When the State of Israel was founded, one of the challenges was to ensure true Jewish pluralism that would allow people adhering to different social visions and ideologies to have a shared civic existence under a single political sovereignty – despite disagreement over issues of faith and life style. In 2018, it turns out that Israeli democracy has largely enabled the inclusion of the Haredi “other,” and that its ability to accept him or her “as s/he is” in its institutions is expanding day by day, mainly due to demographic realities that require the Haredi population’s fair participation in economic burden sharing.
There is a consensus among researchers that the Haredi world in Israel is undergoing a process of Israelization. It is reasonable to assume that the integration process that began in the workforce and in political affairs will continue to grow, and that, in the end, mutually agreed upon solutions will be found for issues that appear to be burning today.

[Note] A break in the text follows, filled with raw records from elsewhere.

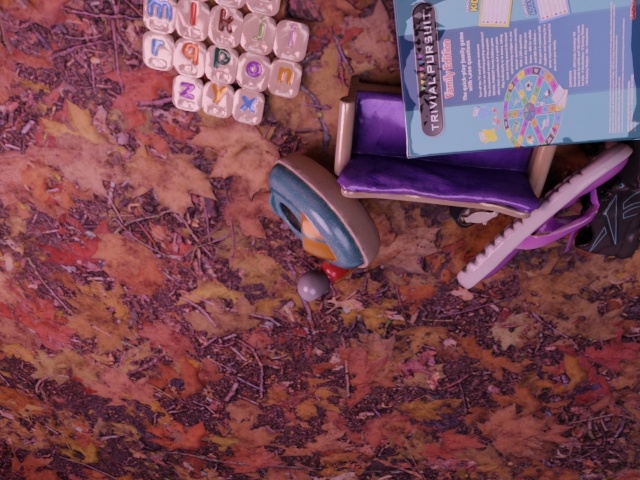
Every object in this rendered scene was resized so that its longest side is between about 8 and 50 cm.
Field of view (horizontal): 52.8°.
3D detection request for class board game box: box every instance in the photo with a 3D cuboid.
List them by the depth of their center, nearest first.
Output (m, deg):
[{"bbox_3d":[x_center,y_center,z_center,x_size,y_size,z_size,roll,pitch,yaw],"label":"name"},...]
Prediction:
[{"bbox_3d":[0.285,-0.264,0.935,0.337,0.079,0.253,-3,110,15],"label":"board game box"}]

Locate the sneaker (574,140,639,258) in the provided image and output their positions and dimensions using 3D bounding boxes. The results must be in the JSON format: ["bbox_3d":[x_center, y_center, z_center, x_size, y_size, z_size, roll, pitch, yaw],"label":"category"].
[{"bbox_3d":[0.537,-0.073,1.171,0.106,0.101,0.267,3,127,9],"label":"sneaker"}]

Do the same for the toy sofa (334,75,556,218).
[{"bbox_3d":[0.209,-0.164,1.102,0.363,0.177,0.150,7,128,4],"label":"toy sofa"}]

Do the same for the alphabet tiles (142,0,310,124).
[{"bbox_3d":[-0.166,-0.340,1.120,0.285,0.021,0.277,12,128,-1],"label":"alphabet tiles"}]

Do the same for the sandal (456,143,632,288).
[{"bbox_3d":[0.420,-0.023,1.183,0.102,0.169,0.416,48,136,7],"label":"sandal"}]

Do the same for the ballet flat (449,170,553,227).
[{"bbox_3d":[0.343,-0.073,1.219,0.203,0.074,0.074,-20,122,22],"label":"ballet flat"}]

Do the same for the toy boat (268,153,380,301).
[{"bbox_3d":[0.000,0.000,1.236,0.148,0.267,0.318,-37,147,-16],"label":"toy boat"}]
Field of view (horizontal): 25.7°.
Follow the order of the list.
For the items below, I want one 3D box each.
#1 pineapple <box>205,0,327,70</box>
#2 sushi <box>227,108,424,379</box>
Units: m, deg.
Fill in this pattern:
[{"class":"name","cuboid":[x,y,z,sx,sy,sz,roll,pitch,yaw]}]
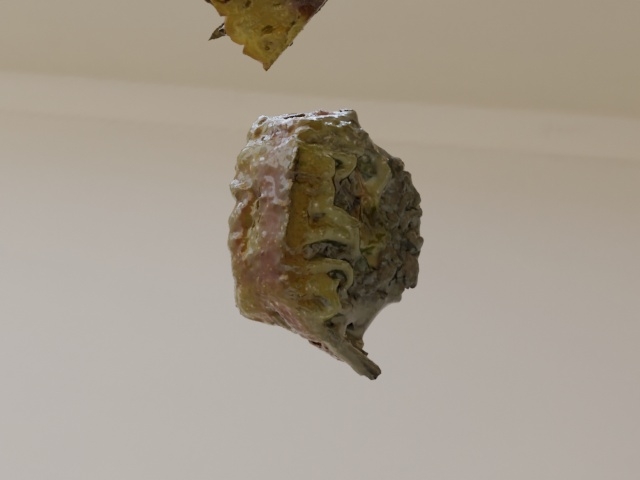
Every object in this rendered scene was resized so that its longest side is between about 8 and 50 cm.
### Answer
[{"class":"pineapple","cuboid":[-0.034,-0.267,1.242,0.135,0.233,0.079,42,-148,-4]},{"class":"sushi","cuboid":[0.000,0.000,1.416,0.139,0.184,0.274,-5,-106,46]}]
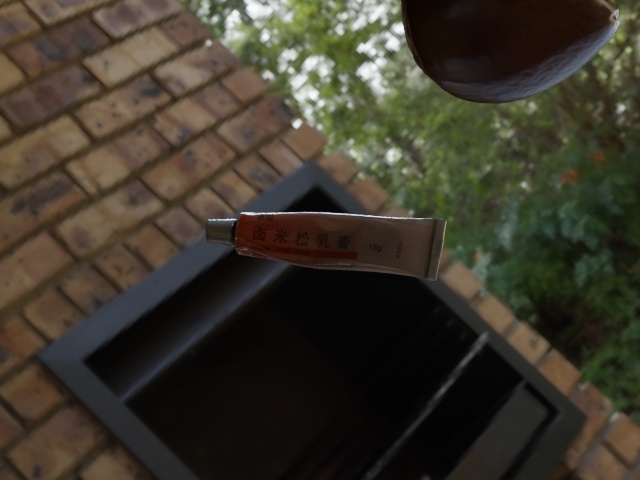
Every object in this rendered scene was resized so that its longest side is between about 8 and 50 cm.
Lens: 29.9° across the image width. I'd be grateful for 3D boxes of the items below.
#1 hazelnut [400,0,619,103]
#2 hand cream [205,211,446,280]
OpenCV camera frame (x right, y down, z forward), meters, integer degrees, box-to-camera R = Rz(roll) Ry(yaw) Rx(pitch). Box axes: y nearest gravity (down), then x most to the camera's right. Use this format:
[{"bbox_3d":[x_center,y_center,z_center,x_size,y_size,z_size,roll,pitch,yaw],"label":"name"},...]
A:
[{"bbox_3d":[0.184,-0.220,1.124,0.208,0.208,0.208,-45,-7,-8],"label":"hazelnut"},{"bbox_3d":[0.000,0.002,1.053,0.038,0.216,0.052,-2,-85,-73],"label":"hand cream"}]
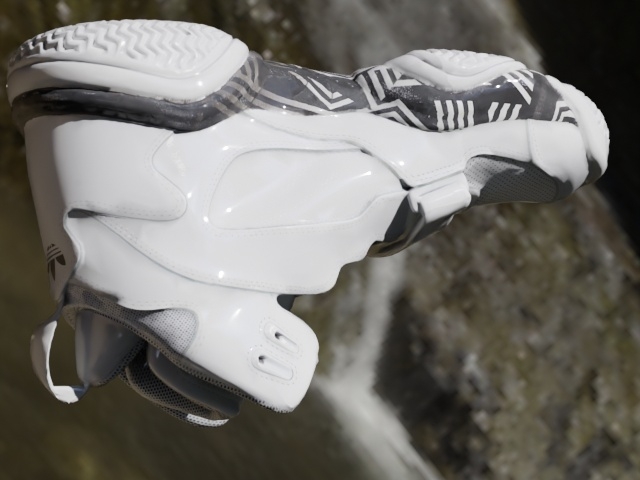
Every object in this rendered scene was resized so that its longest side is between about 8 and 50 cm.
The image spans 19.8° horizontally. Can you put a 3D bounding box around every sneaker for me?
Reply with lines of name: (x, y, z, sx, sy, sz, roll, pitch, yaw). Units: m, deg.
sneaker: (0.000, 0.000, 1.043, 0.137, 0.366, 0.210, 159, -66, -64)

In the next 70 years, the Haredi community’s main challenge will be to formulate a narrative that enables it to distinguish itself from the National-Religious sector, even though both will be integrated into the public sector, study in institutions of higher learning, and serve in the IDF. The Government of Israel, on its part, should continue on a course of balanced and pragmatic policy, enabling those who want to integrate without surrendering their unique identity, and guide the adoption of the American Ultra-Orthodox societal pattern.

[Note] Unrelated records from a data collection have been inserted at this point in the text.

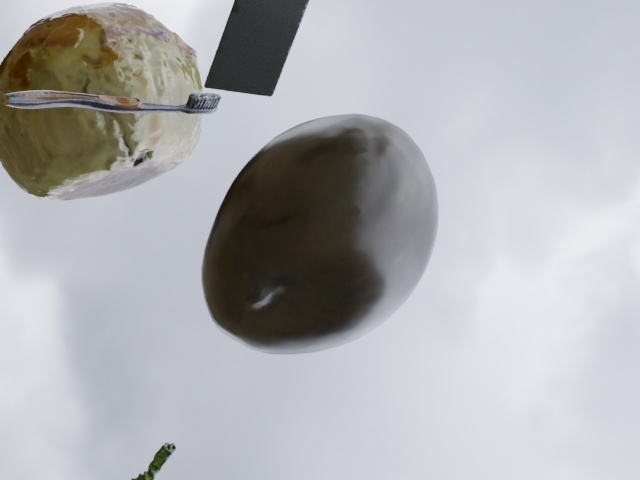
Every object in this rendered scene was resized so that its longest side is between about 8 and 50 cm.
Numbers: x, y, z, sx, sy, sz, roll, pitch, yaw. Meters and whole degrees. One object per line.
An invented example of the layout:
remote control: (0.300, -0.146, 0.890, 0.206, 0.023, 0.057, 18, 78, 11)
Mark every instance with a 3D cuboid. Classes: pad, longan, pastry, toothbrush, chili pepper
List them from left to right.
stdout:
pastry: (-0.388, -0.244, 2.272, 0.388, 0.388, 0.312, -32, -103, 57)
toothbrush: (-0.259, -0.174, 1.686, 0.023, 0.321, 0.031, 50, -51, 34)
chili pepper: (-0.204, 0.277, 1.619, 0.022, 0.027, 0.083, 40, -74, -2)
pad: (-0.111, -0.348, 2.323, 0.003, 0.143, 0.211, 58, -47, 44)
longan: (0.000, 0.000, 1.683, 0.350, 0.288, 0.288, -49, -131, 19)
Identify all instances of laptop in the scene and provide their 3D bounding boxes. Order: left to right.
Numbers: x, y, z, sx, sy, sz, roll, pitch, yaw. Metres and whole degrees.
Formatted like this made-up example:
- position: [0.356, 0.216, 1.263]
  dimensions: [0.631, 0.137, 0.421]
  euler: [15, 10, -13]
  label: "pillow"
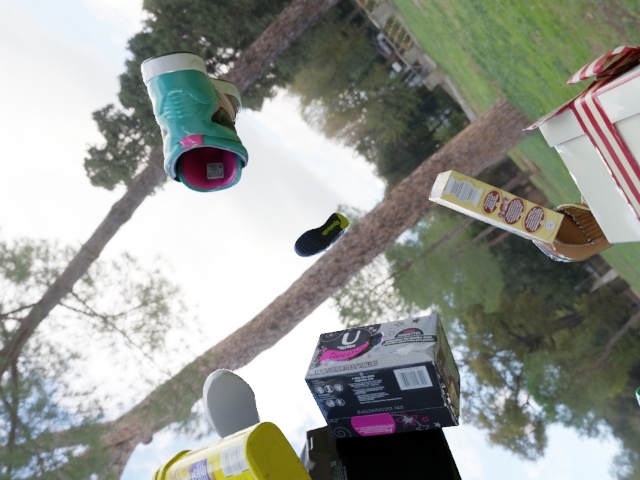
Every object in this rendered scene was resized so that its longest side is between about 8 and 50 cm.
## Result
- position: [0.069, 0.540, 0.979]
  dimensions: [0.382, 0.408, 0.236]
  euler: [-101, -6, -66]
  label: "laptop"

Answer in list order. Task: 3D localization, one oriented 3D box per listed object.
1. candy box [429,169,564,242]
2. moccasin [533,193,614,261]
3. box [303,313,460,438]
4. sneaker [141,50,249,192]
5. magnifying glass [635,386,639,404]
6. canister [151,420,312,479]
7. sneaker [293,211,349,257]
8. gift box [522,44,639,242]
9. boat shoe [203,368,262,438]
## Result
- position: [0.277, -0.055, 0.888]
  dimensions: [0.187, 0.053, 0.109]
  euler: [21, -176, 1]
  label: "candy box"
- position: [0.634, -0.046, 1.248]
  dimensions: [0.380, 0.147, 0.139]
  euler: [-7, -130, -23]
  label: "moccasin"
- position: [0.121, 0.254, 1.039]
  dimensions: [0.142, 0.247, 0.163]
  euler: [-65, -43, -59]
  label: "box"
- position: [-0.170, -0.163, 0.854]
  dimensions: [0.295, 0.124, 0.178]
  euler: [-21, -82, -83]
  label: "sneaker"
- position: [0.541, 0.219, 0.738]
  dimensions: [0.092, 0.231, 0.026]
  euler: [-13, -92, -27]
  label: "magnifying glass"
- position: [-0.099, 0.287, 0.630]
  dimensions: [0.126, 0.170, 0.073]
  euler: [59, -149, 0]
  label: "canister"
- position: [0.000, 0.000, 1.092]
  dimensions: [0.053, 0.059, 0.144]
  euler: [47, -130, 12]
  label: "sneaker"
- position: [0.472, -0.156, 0.769]
  dimensions: [0.258, 0.255, 0.276]
  euler: [60, 165, -3]
  label: "gift box"
- position: [-0.158, 0.331, 1.047]
  dimensions: [0.088, 0.096, 0.267]
  euler: [28, 151, 48]
  label: "boat shoe"
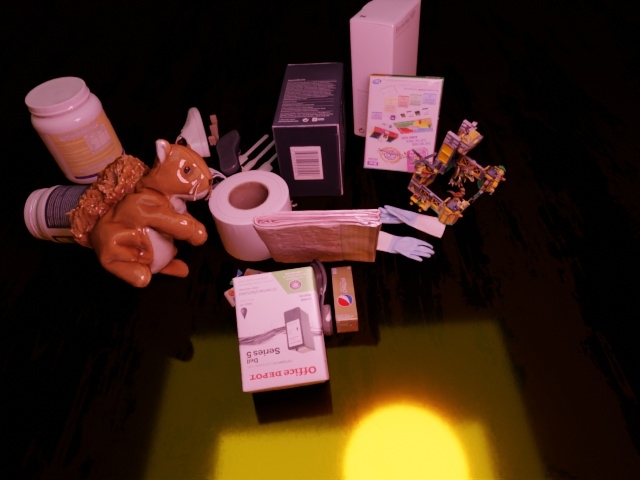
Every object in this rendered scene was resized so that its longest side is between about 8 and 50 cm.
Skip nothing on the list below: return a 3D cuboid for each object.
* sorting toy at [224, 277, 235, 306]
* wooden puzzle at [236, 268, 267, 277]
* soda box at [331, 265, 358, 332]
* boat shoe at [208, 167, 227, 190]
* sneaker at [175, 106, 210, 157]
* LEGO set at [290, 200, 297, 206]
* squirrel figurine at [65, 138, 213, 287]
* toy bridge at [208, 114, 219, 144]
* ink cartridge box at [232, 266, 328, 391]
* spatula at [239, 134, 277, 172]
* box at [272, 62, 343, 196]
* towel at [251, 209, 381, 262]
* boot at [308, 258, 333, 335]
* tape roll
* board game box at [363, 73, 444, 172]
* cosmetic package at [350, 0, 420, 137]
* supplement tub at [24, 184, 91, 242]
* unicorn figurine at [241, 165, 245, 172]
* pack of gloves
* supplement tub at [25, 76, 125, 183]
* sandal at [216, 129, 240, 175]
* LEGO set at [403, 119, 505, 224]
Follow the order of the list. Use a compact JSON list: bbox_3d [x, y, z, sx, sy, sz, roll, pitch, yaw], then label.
[{"bbox_3d":[-0.249,0.147,1.361,0.062,0.012,0.083,-33,58,-13],"label":"sorting toy"},{"bbox_3d":[-0.200,0.115,1.393,0.116,0.014,0.078,5,48,12],"label":"wooden puzzle"},{"bbox_3d":[0.065,0.160,1.286,0.058,0.061,0.181,-5,47,2],"label":"soda box"},{"bbox_3d":[-0.362,-0.203,1.655,0.095,0.084,0.258,-34,53,-22],"label":"boat shoe"},{"bbox_3d":[-0.523,-0.433,1.871,0.123,0.105,0.290,-15,49,-10],"label":"sneaker"},{"bbox_3d":[-0.115,-0.121,1.587,0.054,0.023,0.083,-8,25,-20],"label":"LEGO set"},{"bbox_3d":[-0.498,-0.116,1.322,0.397,0.281,0.370,26,96,14],"label":"squirrel figurine"},{"bbox_3d":[-0.428,-0.436,1.891,0.026,0.063,0.188,-9,43,-2],"label":"toy bridge"},{"bbox_3d":[-0.095,0.219,1.147,0.199,0.114,0.272,-9,73,0],"label":"ink cartridge box"},{"bbox_3d":[-0.224,-0.325,1.801,0.168,0.019,0.242,18,51,29],"label":"spatula"},{"bbox_3d":[-0.023,-0.391,1.647,0.212,0.293,0.395,-1,48,6],"label":"box"},{"bbox_3d":[0.000,0.000,1.276,0.317,0.332,0.053,-1,71,4],"label":"towel"},{"bbox_3d":[-0.090,0.169,1.279,0.229,0.091,0.262,-7,49,-1],"label":"boot"},{"bbox_3d":[-0.209,-0.080,1.468,0.246,0.169,0.246,-3,48,3],"label":"tape roll"},{"bbox_3d":[0.278,-0.395,1.599,0.242,0.316,0.064,9,26,14],"label":"board game box"},{"bbox_3d":[0.236,-0.614,1.709,0.162,0.453,0.230,21,54,24],"label":"cosmetic package"},{"bbox_3d":[-0.780,-0.085,1.527,0.272,0.191,0.191,1,48,7],"label":"supplement tub"},{"bbox_3d":[-0.220,-0.181,1.645,0.162,0.060,0.111,17,49,0],"label":"unicorn figurine"},{"bbox_3d":[0.256,-0.037,1.456,0.232,0.046,0.195,15,50,20],"label":"pack of gloves"},{"bbox_3d":[-0.898,-0.402,1.737,0.241,0.331,0.241,-3,48,4],"label":"supplement tub"},{"bbox_3d":[-0.346,-0.330,1.795,0.097,0.054,0.254,-19,47,13],"label":"sandal"},{"bbox_3d":[0.438,-0.226,1.470,0.331,0.192,0.255,-28,65,-23],"label":"LEGO set"}]
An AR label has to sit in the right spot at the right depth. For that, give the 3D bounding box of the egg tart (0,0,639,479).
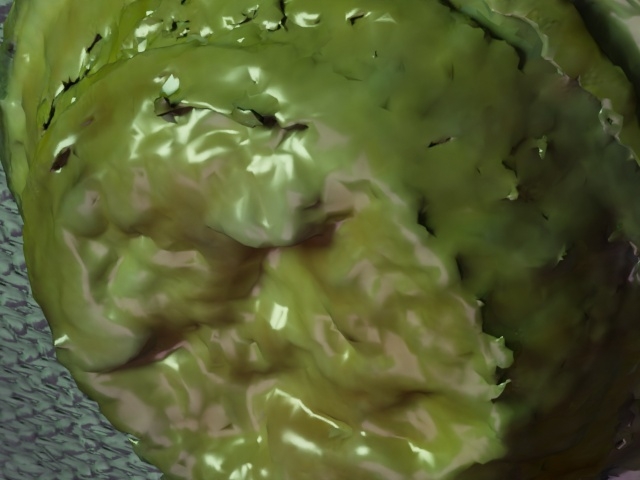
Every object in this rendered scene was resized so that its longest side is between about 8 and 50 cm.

In the United States, as is well known, the Ultra-Orthodox public observes a way of life that is insular and dedicated to observance of the Mitzvoth and Torah study, while also participating fully in the workforce and the economy and, to a certain extent, in the general society.
The realization of this policy depends on the willingness of the Ultra-Orthodox to respect the general public and to refrain from interfering in non-Haredi lifestyles.